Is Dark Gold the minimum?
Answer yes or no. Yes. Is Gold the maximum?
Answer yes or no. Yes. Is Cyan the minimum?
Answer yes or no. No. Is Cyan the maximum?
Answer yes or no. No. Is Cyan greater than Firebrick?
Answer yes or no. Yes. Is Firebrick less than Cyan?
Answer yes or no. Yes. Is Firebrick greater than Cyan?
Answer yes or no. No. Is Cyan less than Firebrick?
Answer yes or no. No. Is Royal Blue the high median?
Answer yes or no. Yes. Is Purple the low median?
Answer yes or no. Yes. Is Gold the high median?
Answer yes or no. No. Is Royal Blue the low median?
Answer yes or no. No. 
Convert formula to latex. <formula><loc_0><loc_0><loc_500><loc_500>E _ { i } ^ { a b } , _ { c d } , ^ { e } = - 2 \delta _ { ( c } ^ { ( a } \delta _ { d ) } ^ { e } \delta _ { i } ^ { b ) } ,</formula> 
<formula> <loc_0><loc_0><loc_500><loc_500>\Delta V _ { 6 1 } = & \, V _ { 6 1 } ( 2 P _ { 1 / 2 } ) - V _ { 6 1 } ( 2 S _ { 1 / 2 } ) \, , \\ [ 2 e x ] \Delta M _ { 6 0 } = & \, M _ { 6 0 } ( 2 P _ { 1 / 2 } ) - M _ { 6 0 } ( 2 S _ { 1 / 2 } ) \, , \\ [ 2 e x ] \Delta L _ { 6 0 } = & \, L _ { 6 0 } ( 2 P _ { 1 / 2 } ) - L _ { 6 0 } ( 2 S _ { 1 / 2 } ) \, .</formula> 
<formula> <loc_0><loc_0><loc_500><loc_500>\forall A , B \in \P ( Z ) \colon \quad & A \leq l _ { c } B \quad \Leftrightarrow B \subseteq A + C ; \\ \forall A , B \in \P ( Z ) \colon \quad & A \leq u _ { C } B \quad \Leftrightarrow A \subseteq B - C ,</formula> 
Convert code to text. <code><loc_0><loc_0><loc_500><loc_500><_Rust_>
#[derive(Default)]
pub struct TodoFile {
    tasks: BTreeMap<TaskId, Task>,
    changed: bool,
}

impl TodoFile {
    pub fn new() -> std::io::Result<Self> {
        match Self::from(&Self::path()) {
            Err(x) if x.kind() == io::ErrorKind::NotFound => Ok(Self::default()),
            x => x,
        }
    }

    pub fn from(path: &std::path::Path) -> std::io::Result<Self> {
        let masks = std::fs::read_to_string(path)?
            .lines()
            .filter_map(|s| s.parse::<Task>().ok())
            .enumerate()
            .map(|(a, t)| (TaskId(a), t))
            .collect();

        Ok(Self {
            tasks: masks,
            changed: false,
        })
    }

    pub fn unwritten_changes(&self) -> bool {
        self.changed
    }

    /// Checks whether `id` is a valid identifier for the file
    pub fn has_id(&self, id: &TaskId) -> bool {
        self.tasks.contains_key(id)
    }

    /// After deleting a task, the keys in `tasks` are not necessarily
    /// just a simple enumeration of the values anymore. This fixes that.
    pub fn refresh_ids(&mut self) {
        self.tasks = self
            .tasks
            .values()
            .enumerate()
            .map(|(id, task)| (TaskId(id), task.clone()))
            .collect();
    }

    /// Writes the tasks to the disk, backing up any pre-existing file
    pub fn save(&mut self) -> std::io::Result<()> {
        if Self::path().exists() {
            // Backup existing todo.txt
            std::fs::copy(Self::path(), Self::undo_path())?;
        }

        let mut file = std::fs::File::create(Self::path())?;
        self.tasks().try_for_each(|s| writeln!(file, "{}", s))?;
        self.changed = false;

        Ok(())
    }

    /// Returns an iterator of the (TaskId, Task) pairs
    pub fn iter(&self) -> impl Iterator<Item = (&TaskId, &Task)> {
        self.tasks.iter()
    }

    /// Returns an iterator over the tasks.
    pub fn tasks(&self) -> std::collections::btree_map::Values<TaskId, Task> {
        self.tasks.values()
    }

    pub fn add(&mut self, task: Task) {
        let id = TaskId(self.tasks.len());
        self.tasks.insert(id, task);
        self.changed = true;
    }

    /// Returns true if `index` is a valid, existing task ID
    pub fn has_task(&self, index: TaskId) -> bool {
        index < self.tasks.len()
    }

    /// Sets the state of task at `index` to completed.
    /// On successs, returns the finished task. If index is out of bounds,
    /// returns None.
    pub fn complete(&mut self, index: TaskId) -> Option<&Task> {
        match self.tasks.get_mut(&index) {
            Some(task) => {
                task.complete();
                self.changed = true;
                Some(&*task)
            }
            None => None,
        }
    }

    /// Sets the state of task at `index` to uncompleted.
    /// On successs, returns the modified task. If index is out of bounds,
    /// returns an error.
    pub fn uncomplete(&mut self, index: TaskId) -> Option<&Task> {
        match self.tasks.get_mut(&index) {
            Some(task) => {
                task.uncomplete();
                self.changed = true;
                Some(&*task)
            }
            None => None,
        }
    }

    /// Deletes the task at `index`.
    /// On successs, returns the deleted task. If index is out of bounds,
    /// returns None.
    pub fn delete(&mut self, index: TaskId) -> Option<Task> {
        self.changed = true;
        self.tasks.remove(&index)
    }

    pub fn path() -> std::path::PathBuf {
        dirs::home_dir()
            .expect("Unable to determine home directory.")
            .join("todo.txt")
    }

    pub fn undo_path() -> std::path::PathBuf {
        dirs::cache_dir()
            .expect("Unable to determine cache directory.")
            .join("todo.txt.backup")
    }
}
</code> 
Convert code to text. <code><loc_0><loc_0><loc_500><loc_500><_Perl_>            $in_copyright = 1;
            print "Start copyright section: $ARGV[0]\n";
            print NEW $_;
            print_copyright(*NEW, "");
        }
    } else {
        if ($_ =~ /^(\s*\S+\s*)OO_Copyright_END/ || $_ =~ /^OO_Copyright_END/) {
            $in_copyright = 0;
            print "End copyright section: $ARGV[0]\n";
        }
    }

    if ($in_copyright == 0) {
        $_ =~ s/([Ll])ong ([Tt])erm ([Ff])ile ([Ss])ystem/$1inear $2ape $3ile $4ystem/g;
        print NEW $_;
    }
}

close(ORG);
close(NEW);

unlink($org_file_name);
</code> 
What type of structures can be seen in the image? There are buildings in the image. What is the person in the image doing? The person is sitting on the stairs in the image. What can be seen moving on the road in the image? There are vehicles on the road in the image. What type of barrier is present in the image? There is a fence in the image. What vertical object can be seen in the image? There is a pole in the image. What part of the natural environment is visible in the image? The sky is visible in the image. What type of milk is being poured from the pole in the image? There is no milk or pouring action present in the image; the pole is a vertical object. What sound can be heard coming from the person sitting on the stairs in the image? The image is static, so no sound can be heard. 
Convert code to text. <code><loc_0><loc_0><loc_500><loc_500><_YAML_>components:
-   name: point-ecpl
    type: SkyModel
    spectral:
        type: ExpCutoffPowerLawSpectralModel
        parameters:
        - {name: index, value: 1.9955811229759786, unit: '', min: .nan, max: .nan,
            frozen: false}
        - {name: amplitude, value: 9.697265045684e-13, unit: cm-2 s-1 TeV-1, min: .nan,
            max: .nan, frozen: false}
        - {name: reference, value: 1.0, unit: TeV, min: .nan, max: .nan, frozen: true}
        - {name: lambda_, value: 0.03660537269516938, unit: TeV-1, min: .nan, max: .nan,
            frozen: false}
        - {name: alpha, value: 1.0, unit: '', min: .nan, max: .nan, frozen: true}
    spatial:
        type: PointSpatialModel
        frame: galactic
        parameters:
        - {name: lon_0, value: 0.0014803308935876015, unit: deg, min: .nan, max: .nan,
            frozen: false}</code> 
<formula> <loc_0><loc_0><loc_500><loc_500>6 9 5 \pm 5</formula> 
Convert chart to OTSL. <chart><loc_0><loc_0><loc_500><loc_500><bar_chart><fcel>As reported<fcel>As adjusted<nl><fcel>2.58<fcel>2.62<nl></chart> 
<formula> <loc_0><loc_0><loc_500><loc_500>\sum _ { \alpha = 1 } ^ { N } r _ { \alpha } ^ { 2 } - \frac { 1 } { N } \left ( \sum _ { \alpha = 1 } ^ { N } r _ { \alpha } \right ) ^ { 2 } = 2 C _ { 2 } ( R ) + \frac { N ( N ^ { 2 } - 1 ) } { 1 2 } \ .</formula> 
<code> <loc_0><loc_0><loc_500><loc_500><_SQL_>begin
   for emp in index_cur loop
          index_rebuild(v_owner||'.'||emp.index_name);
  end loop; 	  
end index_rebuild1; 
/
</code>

**********

### Task directions:
Wherever a line in the entries holds "PathBuf", copy that line.

### Answer box:
    pub fn path() -> std::path::PathBuf {
    pub fn undo_path() -> std::path::PathBuf {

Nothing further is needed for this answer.